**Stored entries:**
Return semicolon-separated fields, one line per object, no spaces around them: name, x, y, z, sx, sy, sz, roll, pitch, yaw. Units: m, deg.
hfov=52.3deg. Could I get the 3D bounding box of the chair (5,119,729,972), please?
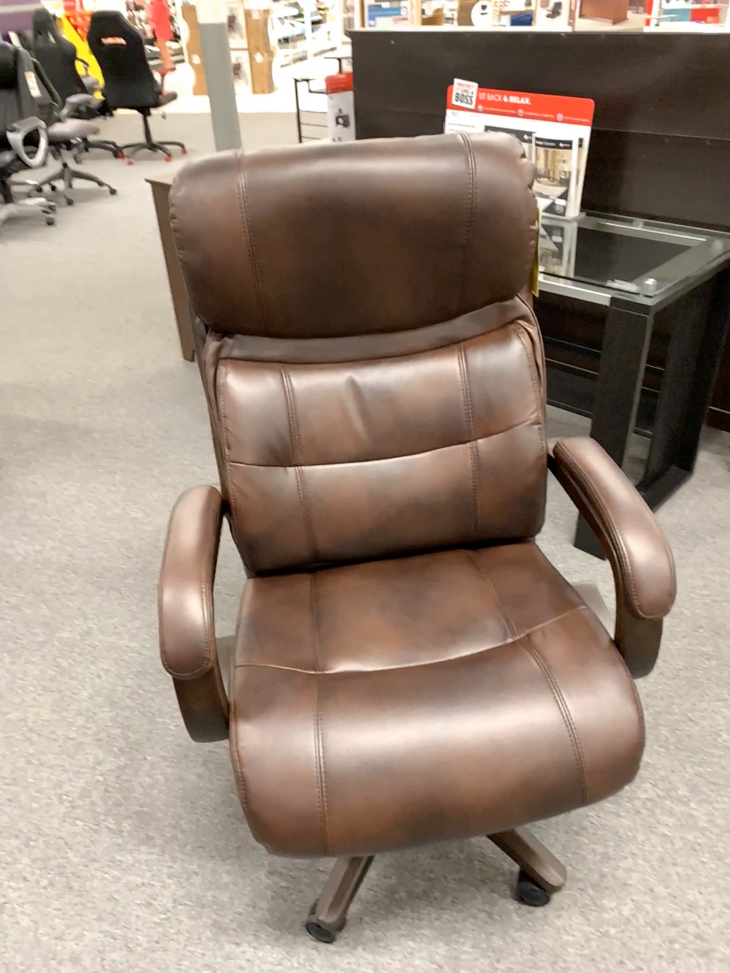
chair;0.056;0.100;1.167;0.710;1.094;0.704;-7;34;-6
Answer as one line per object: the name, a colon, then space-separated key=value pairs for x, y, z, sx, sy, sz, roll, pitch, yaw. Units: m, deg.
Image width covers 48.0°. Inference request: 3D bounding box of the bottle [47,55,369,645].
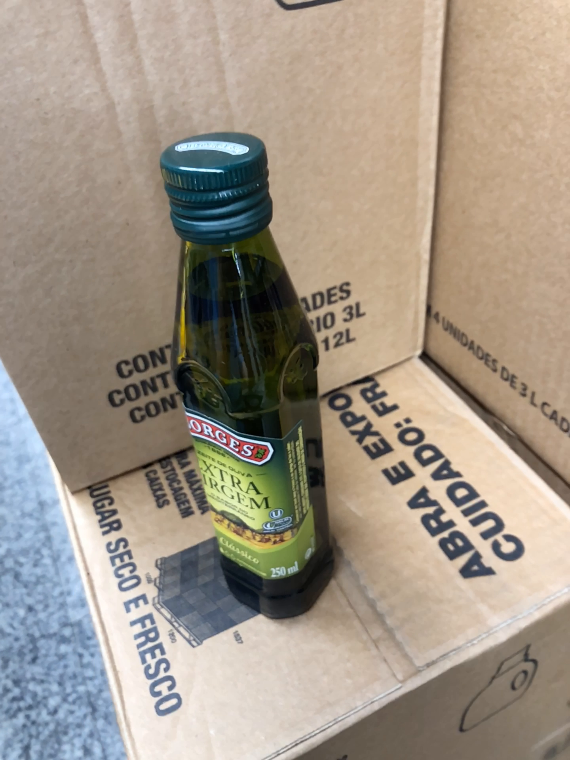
bottle: x=-0.010 y=0.008 z=0.239 sx=0.060 sy=0.218 sz=0.060 roll=-3 pitch=42 yaw=3
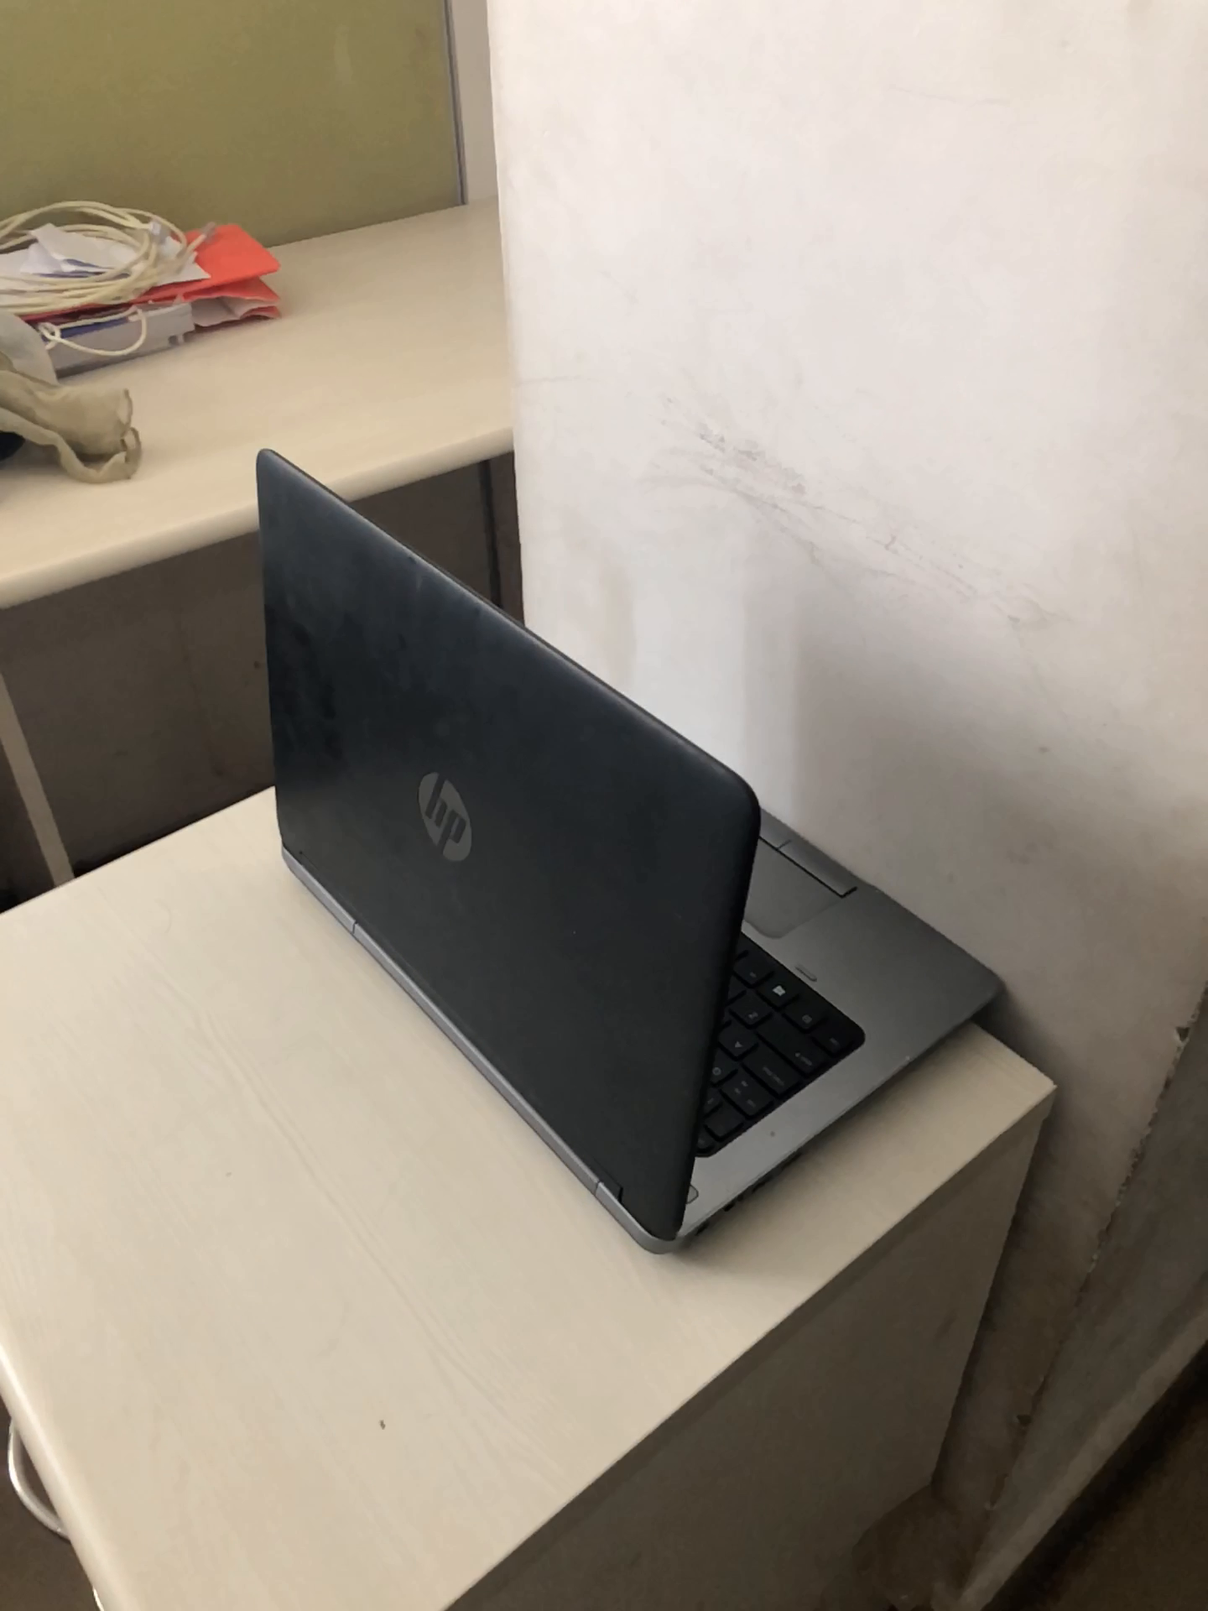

**REQUIRED WORK:** The line containing "Answer as one" marks the end: copy exactly every line from the start of the records up to and including it, leaving out the pictures.

**EXERCISE SOLUTION:**
Return semicolon-separated fields, one line per object, no spaces around them: name, x, y, z, sx, sy, sz, roll, pitch, yaw. Units: m, deg.
hfov=52.3deg. Could I get the 3D bounding box of the chair (5,119,729,972), please?
chair;0.056;0.100;1.167;0.710;1.094;0.704;-7;34;-6
Answer as one line per object: the name, a colon, then space-separated key=value pairs for x, y, z, sx, sy, sz, roll, pitch, yaw. Units: m, deg.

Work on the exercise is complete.